The COVID-19 pandemic has completely disrupted supply chains around the world for nearly every business, including automotive dealers, which are experiencing a huge inventory crunch that has impacted their ability to acquire inventory, while customer demand remains high.
The American Institute of CPAs (AICPA) is asking the Internal Revenue Service to help automotive dealers who have been unable to maintain inventory due to the pandemic.
The AICPA requested relief under Section 473 for qualified taxpayers that (1) use the last-in, first-out (LIFO) method of accounting for inventory and (2) that have experienced a decrease in their ending inventory because of the ongoing pandemic. For taxpayers that account for their inventory under LIFO valuation methodology, when inventory levels significantly decrease, the previous years’ layers are liquidated, and the taxpayer must then recognize income. Section 473 relief would allow a qualified taxpayer to replace the inventory over a three-year “replacement period,” thus decreasing the significant tax liabilities that most automotive dealers are experiencing relative to the inventory shortage.
Under Section 473 relief, taxpayers would make an election on their timely filed federal income tax return for the first tax year following the LIFO layer liquidation year. For most dealers, this election statement would be made on their 2021 income tax returns, unless they elect a new safe harbor method. The AICPA recommended a new safe harbor method, which would allow a qualified taxpayer to disregard the LIFO layer liquidation year and retain the LIFO layers relative to the beginning inventory balances of the liquidation year.
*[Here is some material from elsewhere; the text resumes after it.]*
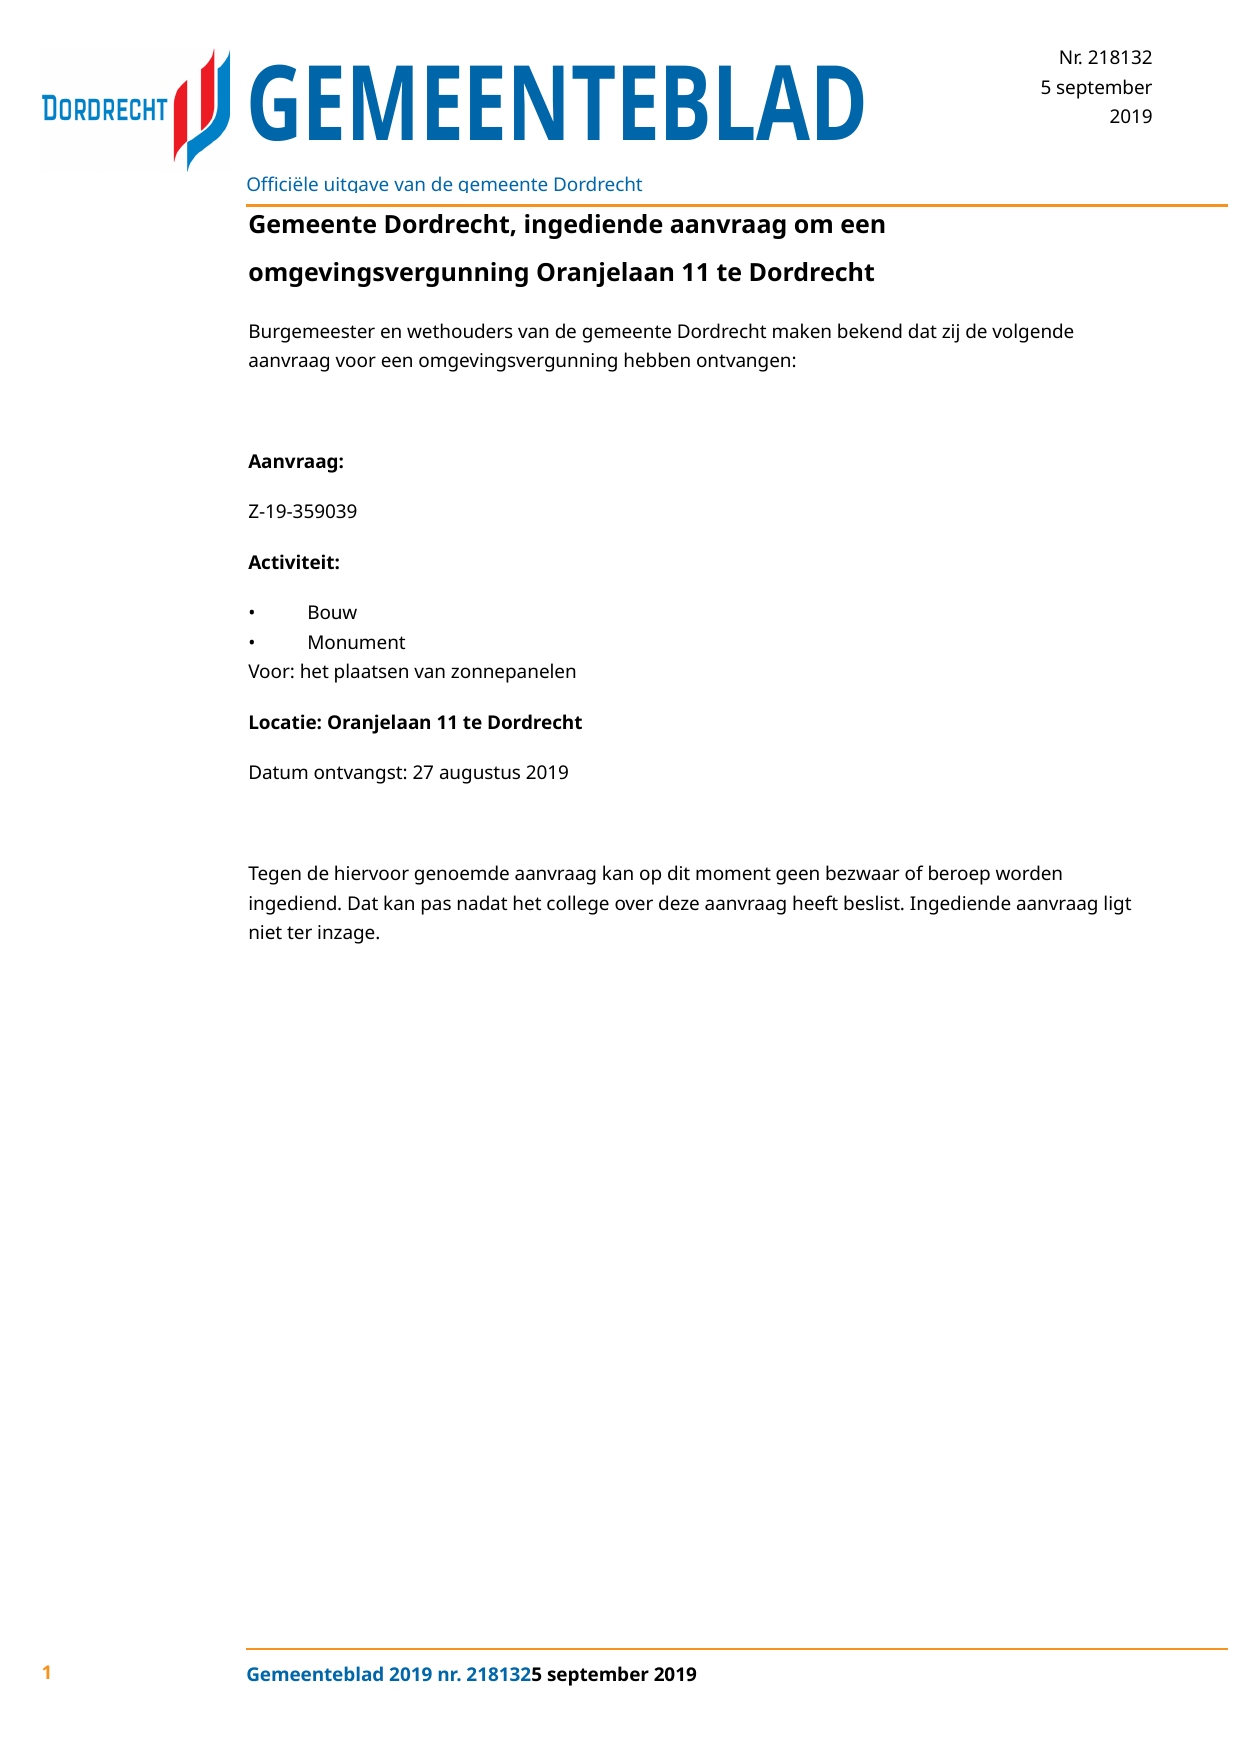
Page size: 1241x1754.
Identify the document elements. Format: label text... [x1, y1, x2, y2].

If the taxpayer increases its inventory balances to pre-COVID levels by the end of the replacement period, no income will need to be recognized on the liquidated layers.
In instances where a dealer’s income tax return has already been filed for the liquidation year, the AICPA letter requests that the taxpayer be able to make a late election by filing an amended return within 90 days of IRS guidance being published, or by filing a Form 3115 Application for Change in Accounting Method with its 2021 income tax return.